LLM pricing is per-token, and tokens accumulate faster than you expect.

Every character you send and receive costs money. A system prompt that’s 2,000 tokens long, sent on every single request, costs 2,000 tokens per call before the user’s question even arrives. At scale — hundreds of thousands of calls per day — that system prompt alone can become your largest line item.

How billing actually works:

Component	What you pay for	Where costs hide
Input tokens	Everything in the prompt: system prompt, conversation history, retrieved context	Growing context windows, verbose system prompts
Output tokens	Every token the model generates	Uncapped generation, verbose output formats
Cached tokens	Re-used prompt prefixes (where supported)	Usually 50–90% cheaper than input tokens
Tool calls	Each call counts as input + output	Agent loops with many tool invocations

Multi-agent cost amplification. A single user request that triggers an orchestrator, which spawns three sub-agents, each making four tool calls — that’s one user request that generates twelve-plus LLM calls. Budget per user request, not per LLM call.
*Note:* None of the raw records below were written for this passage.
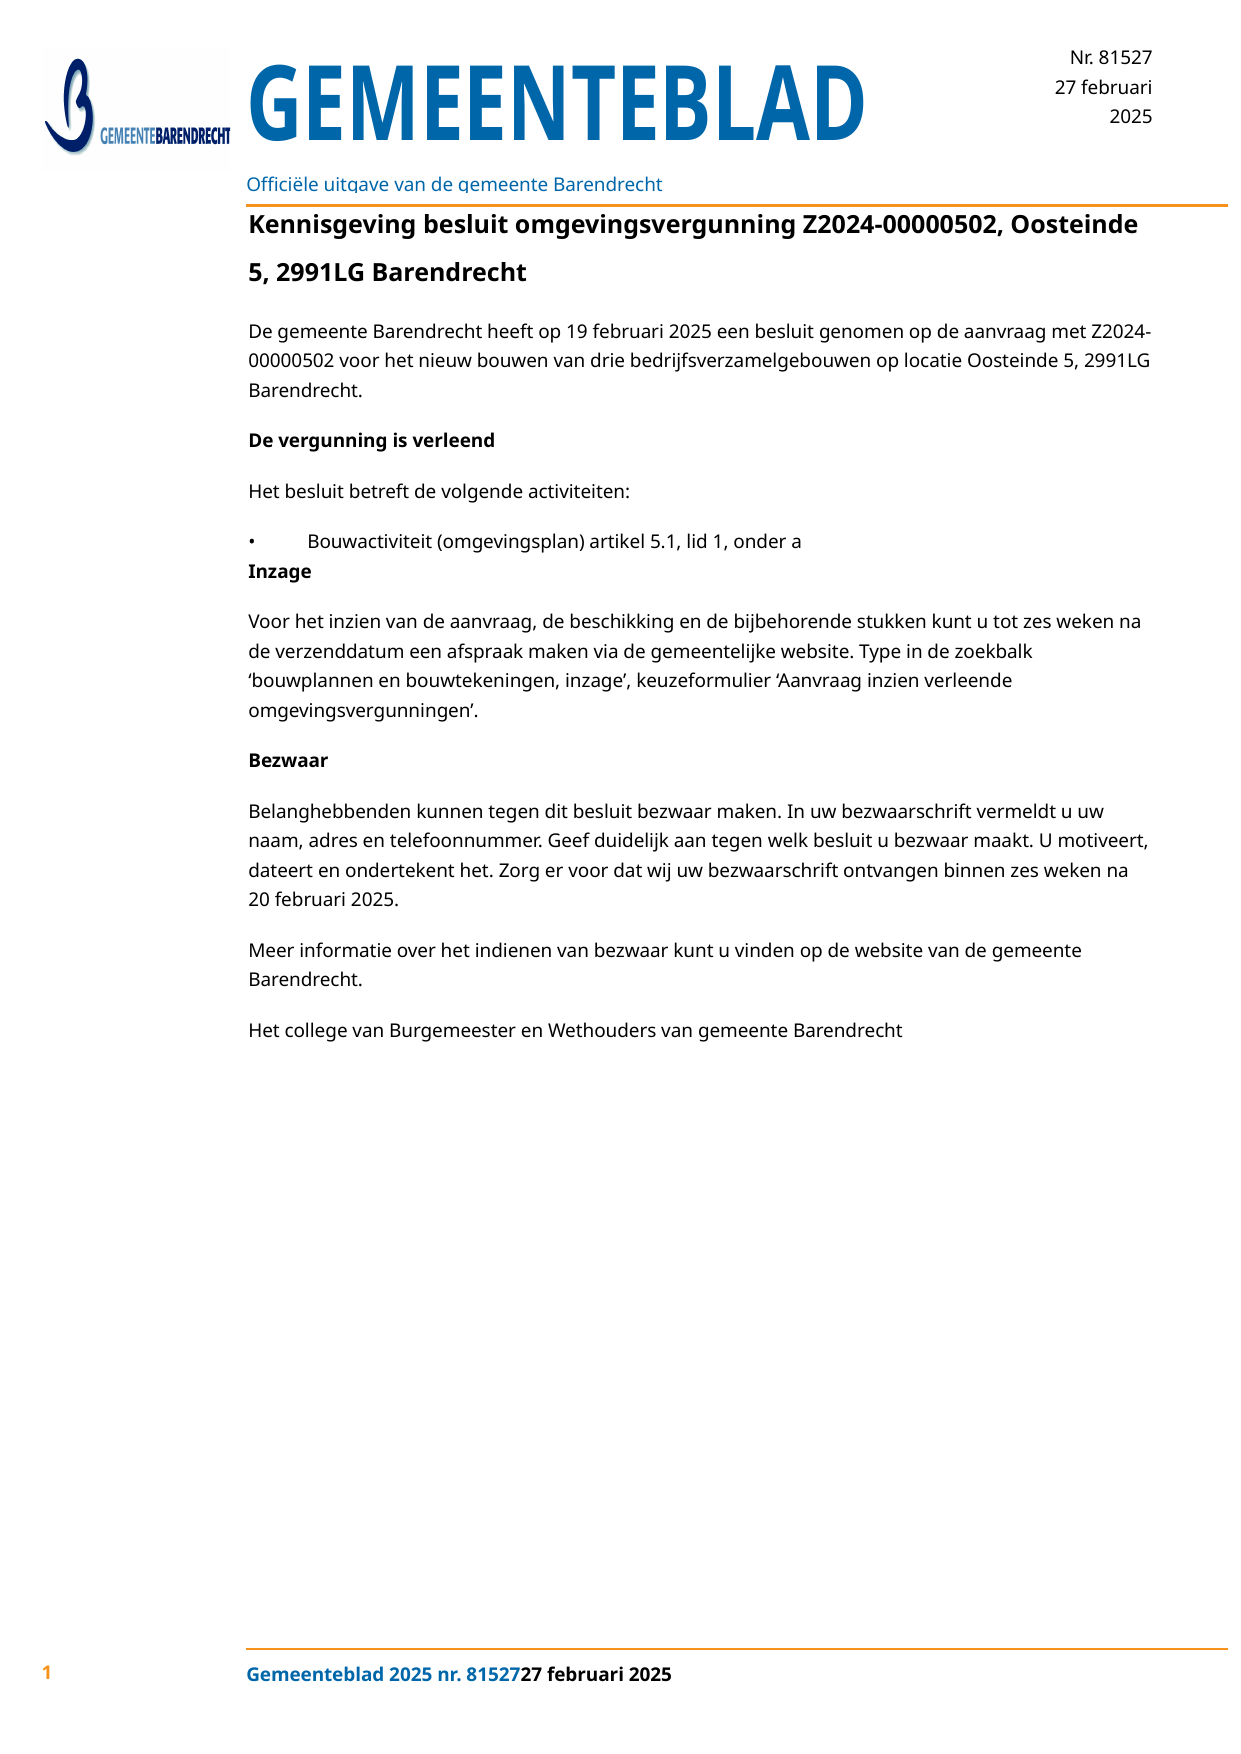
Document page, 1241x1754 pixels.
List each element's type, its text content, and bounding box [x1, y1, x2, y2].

picture [41, 47, 231, 172]
text Bezwaar [248, 747, 1152, 773]
text Belanghebbenden kunnen tegen dit besluit bezwaar maken. In uw bezwaarschrift vermeldt u uw naam, adres en telefoonnummer. Geef duidelijk aan tegen welk besluit u bezwaar maakt. U motiveert, dateert en ondertekent het. Zorg er voor dat wij uw bezwaarschrift ontvangen binnen zes weken na 20 februari 2025. [248, 798, 1152, 912]
list Bouwactiviteit (omgevingsplan) artikel 5.1, lid 1, onder a [248, 528, 1152, 554]
text Meer informatie over het indienen van bezwaar kunt u vinden op de website van de gemeente Barendrecht. [248, 937, 1152, 992]
text Voor het inzien van de aanvraag, de beschikking en de bijbehorende stukken kunt u tot zes weken na de verzenddatum een afspraak maken via de gemeentelijke website. Type in de zoekbalk ‘bouwplannen en bouwtekeningen, inzage’, keuzeformulier ‘Aanvraag inzien verleende omgevingsvergunningen’. [248, 608, 1152, 723]
text De gemeente Barendrecht heeft op 19 februari 2025 een besluit genomen op de aanvraag met Z2024-00000502 voor het nieuw bouwen van drie bedrijfsverzamelgebouwen op locatie Oosteinde 5, 2991LG Barendrecht. [248, 318, 1152, 403]
text Inzage [248, 558, 1152, 584]
text De vergunning is verleend [248, 427, 1152, 453]
text Het college van Burgemeester en Wethouders van gemeente Barendrecht [248, 1017, 1152, 1043]
text Kennisgeving besluit omgevingsvergunning Z2024-00000502, Oosteinde 5, 2991LG Barendrecht [248, 207, 1152, 288]
text Het besluit betreft de volgende activiteiten: [248, 478, 1152, 504]

The two levers you actually control:

Reduce tokens sent — caching, prompt compression, retrieval truncation
Reduce tokens generated — output format constraints, streaming with early stop

Production Gotcha: Teams that implement cost ceilings as hard limits without circuit-breaker logic get silent failures — the agent stops mid-task with no explanation when the budget is hit. Cost ceilings need graceful degradation paths, not just hard stops.

Layer 2: Guided

Token counting before you send

Never estimate token counts. Measure them. Every major provider SDK exposes a tokenizer you can call locally, before the API request.

import anthropic
import tiktoken
import json

client = anthropic.Anthropic()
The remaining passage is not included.